Over the past few years, there's been a quiet but persistent push toward younger, greener, junior hiring. Cheaper salaries, mouldable talent and a focus on enthusiasm over experience.

On paper, it makes sense. In practice, a lot of desks are now feeling the gap.

Because here's what you can't teach quickly: judgement. The kind that comes from having sat across the table during a restructuring; from having watched a project finance deal unravel at financial close; from knowing instinctively when a credit committee is being too optimistic about a borrower's cashflow projections. That kind of judgment takes a cycle…sometimes two, to develop.

And right now, the stakes for getting that judgement right have never been higher.

We are not in a recession. But we are living through something arguably more complex. A global economy at a genuine inflection point. Trade policy and geopolitical instability are now the two most cited risks to global growth, with escalating tensions across the US-China relationship, the ongoing war in Ukraine, instability in the Middle East and a rules-based international order under sustained pressure. The energy supply shock following the onset of conflict in the Middle East is already weighing on global growth, while putting new upward pressure on inflation.

For employers, the risk is a team that performs well in a stable, borrower-friendly environment and struggles the moment conditions tighten. Credit markets have been broadly forgiving for two years. That won't last forever. When the cycle turns, you want experienced people who've seen it before and can help you to overcome the challenges.

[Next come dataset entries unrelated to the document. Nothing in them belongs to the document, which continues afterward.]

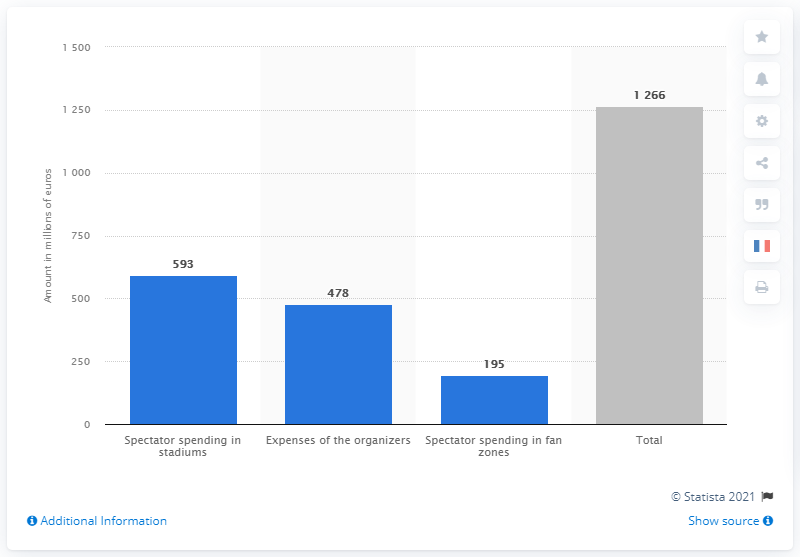Mention a couple of crucial points in this snapshot. The average of the first three blue bars is 422. The first blue bar from left to right has a value of 593. 
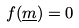<formula> <loc_0><loc_0><loc_500><loc_500>f ( \underline { m } ) = 0</formula> 
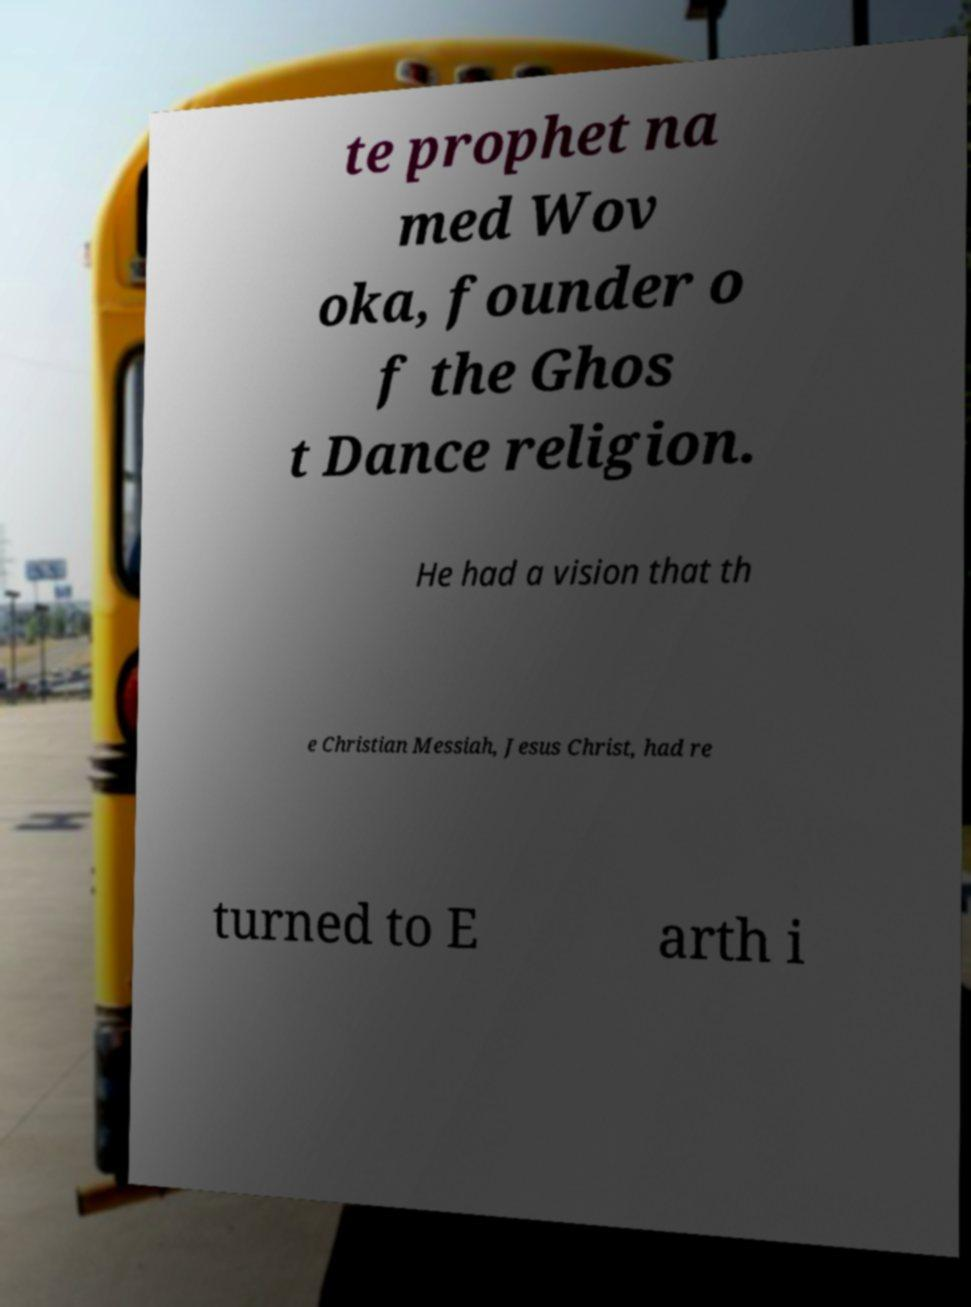Could you extract and type out the text from this image? te prophet na med Wov oka, founder o f the Ghos t Dance religion. He had a vision that th e Christian Messiah, Jesus Christ, had re turned to E arth i

For candidates, your experience is worth more than the market is currently telling you. The professionals who know how to structure a complex leveraged buyout, who have managed a syndicate through volatility, who have maintained client relationships across multiple rate environments - that knowledge has a long shelf life. Don't let a hiring cycle convince you otherwise.

The best employers are already figuring this out. They're hiring ahead, locking in senior talent before the deal pipeline forces everyone to compete for the same small pool simultaneously. They understand that the person who has done this before isn't a cost - they're insurance. More and more clients are looking for the ‘Senior Banker’, someone with broader sector and product knowledge, that can originate and structure deals (especially in leaner teams), can negotiate and actively cross sell, providing a deeper, more strategic partnering capability with its clients.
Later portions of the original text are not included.